Bennett fracture is an intraarticular fracture involving the base of the thumb and leading to a subluxation of the carpometacarpal joint. It was described initially by Edward Hallaran Bennett in the late nineteenth century.
The fracture is inherently unstable and requires adequate reduction and immobilization or fixation.
Carpometacarpal joint is critical for pinching and opposition movements and this injury may lead to loss of function if not treated properly.

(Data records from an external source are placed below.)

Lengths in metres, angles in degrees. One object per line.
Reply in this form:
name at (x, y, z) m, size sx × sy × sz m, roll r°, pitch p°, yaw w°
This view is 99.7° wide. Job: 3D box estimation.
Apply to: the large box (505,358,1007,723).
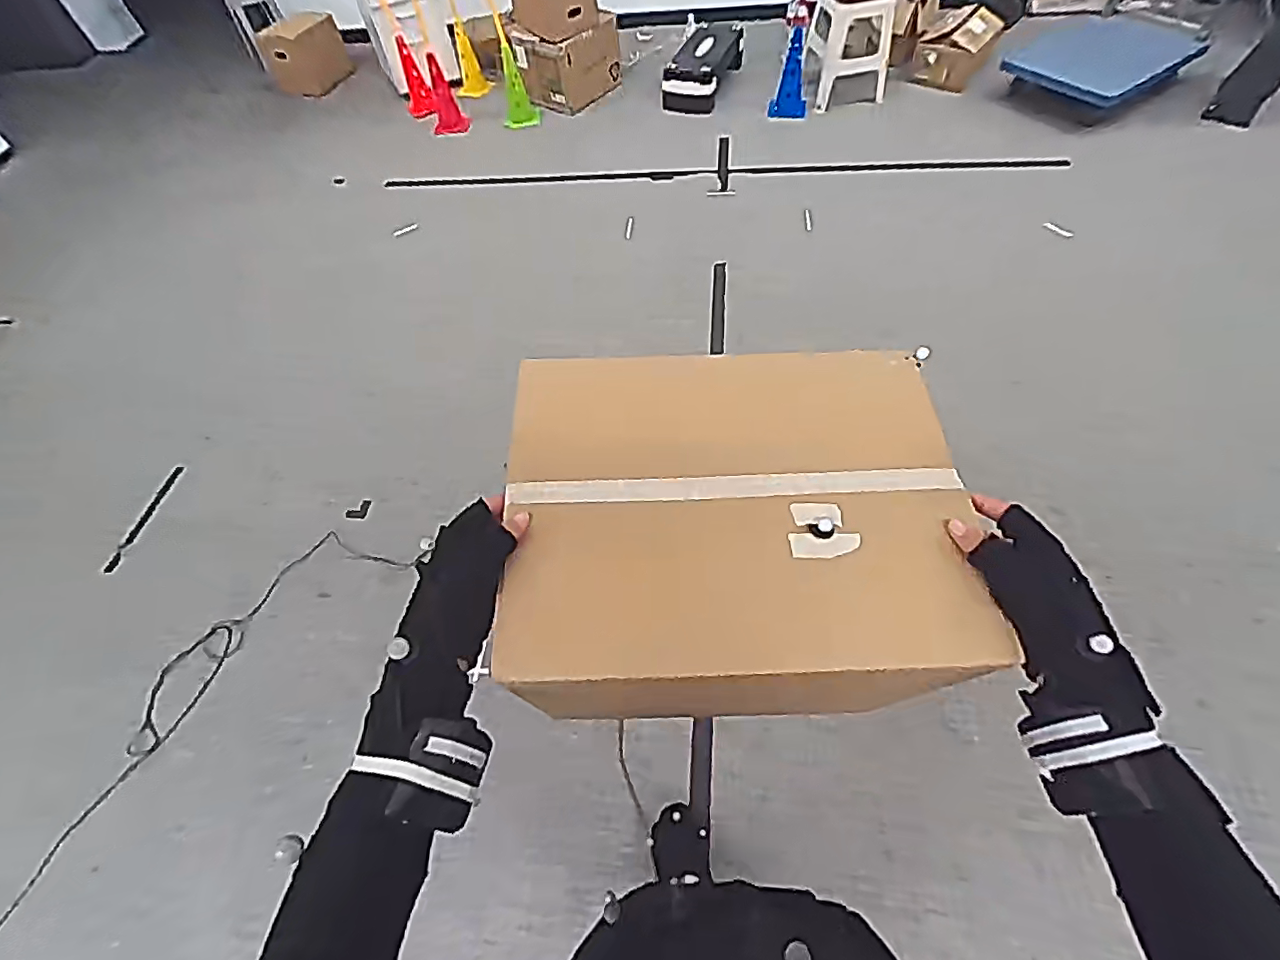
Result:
large box at (0.083, 0.085, 0.619) m, size 0.408 × 0.320 × 0.320 m, roll -2°, pitch 61°, yaw -2°
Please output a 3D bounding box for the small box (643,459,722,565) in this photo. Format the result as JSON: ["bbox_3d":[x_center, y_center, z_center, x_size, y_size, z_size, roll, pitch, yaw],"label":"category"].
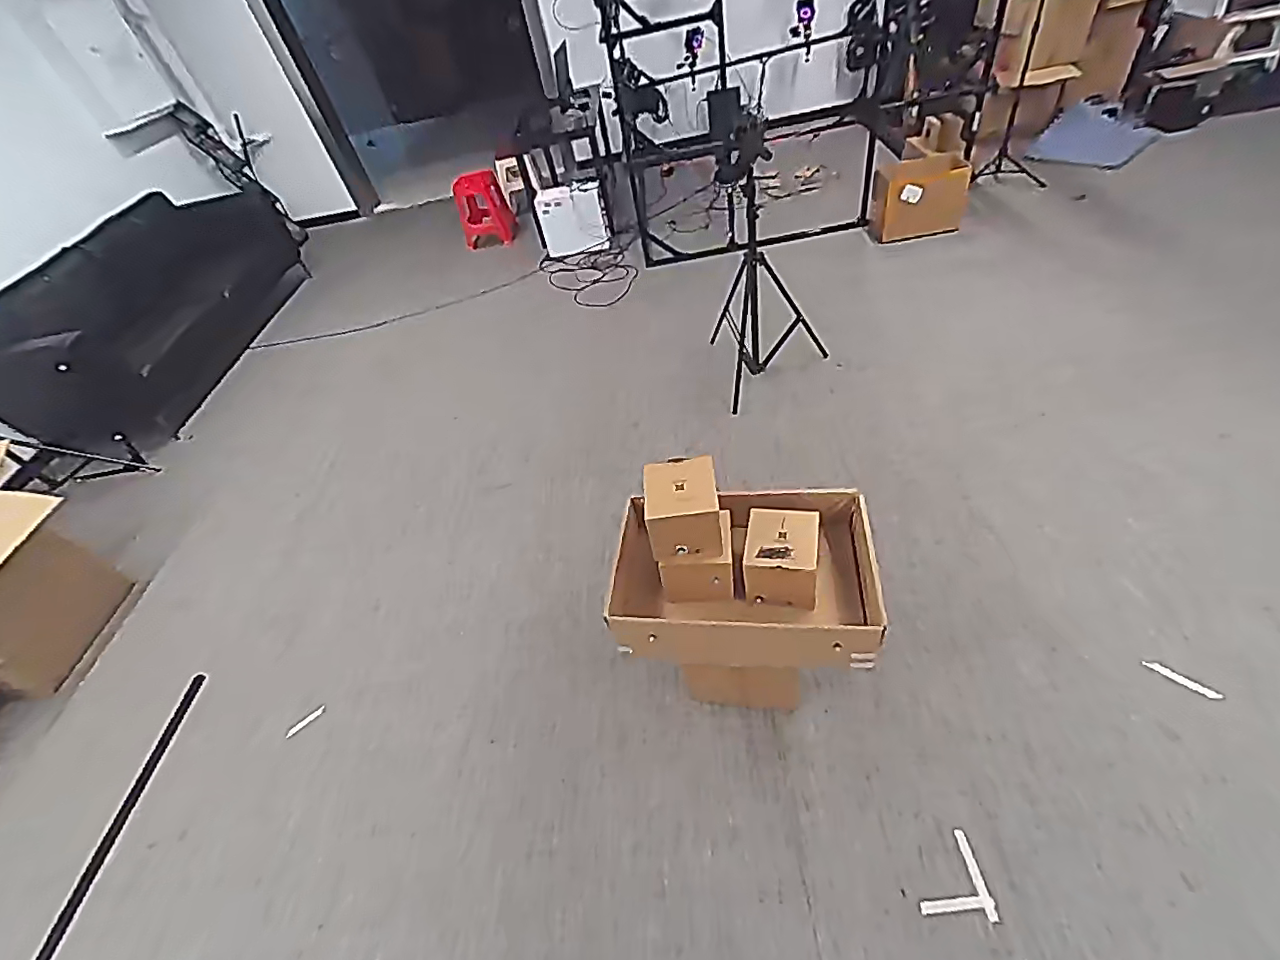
[{"bbox_3d":[0.100,0.077,1.281,0.168,0.176,0.179,-8,45,6],"label":"small box"}]

The thumb consists of two phalanges and a metacarpal. The metacarpal ends in the carpometacarpal joint.
The carpometacarpal joint is an articulation between the trapezium and the base of the first metacarpal.
It is a saddle-shaped joint.
It is stabilized by the anterior (volar) and posterior oblique ligaments, the anterior and posterior intermetacarpal ligaments, and the dorsal radial ligament. The anterior oblique ligament is the most important for stability in the carpometacarpal joint.

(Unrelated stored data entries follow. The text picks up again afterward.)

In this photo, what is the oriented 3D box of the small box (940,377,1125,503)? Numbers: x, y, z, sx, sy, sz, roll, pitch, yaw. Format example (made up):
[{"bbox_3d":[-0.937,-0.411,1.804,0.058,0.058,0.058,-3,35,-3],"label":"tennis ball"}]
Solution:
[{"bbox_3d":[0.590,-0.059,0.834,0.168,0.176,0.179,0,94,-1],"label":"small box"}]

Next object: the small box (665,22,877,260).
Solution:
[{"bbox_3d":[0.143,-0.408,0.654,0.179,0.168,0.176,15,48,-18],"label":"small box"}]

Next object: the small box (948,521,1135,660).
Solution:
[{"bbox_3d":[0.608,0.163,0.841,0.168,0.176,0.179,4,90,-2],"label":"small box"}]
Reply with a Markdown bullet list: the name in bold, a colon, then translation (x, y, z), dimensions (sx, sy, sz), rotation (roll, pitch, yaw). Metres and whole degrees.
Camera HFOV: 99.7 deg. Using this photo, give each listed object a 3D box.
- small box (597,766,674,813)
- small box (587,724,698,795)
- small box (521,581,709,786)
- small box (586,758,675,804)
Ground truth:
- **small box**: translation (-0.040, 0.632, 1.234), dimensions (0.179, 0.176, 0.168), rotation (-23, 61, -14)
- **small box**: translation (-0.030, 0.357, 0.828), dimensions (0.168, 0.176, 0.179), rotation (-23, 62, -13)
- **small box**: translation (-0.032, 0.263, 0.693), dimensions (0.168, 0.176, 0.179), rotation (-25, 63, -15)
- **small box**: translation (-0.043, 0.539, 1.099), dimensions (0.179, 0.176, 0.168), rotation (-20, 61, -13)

The dorsal ligament is not as strong as the volar ligament but is reinforced by the abductor pollicis longus (APL).
Pathophysiology and Causes
Thumb injuries are common.
A Bennett fracture results when an axial force is transmitted through a partially flexed thumb metacarpal. This is an intra-articular fracture of the base of thumb separating small part of the metacarpal onto where the volar oblique ligament inserts from rest of the thumb. The part where volar oblique ligament inserts remain in the anatomic position, and the remainder of the articular base subluxates.
The direction of the subluxation is dorsal, radial, and proximal because the fragment is pulled by the force of abductor pollicis longus.
Clinical Presentation of Bennett Fracture
There would be history of trauma followed by immediate pain and swelling or ischemia. AS noted before axial compression when thumb in the flexion is most common mechanism
On examination, there would be visible deformity and swelling.
Ecchymosis over carpometacarpal joint area may be present. There would be tenderness to touch.
There is difficulty in moving the thumb and decreased pinch grasp and grip strength.
In suspected cases, stress to the joint may reveal the instability/subluxation.
Standard AP, lateral and oblique x-rays are ordered.
- True AP of thumb (Robert’s View)
- Arm in full pronation with dorsum of thumb on cassette
- True lateral of thumb
- hand pronated 30 degrees and beam angled 15 degrees distally
Most of the fractures and subluxations are clearly visible.
Subtle subluxations may be suggested by a broken V sign on the lateral x-ray. A normal V is formed by the radial aspect of the trapeziometacarpal articulation. Disruption of this may indicate undetected CMC joint subluxation.
CT could help in the identification of comminution and find any suspected impaction of the articular surface.
Treatment of Bennett Fracture
Small avulsion fractures with minimal articular incongruity and instability can be managed by thumb spica cast mobilization after closed reduction.
The patients are monitored with x-rays regularly. Greater than 1 mm of articular incongruity initially or at follow up after closed reduction is an indication for surgery.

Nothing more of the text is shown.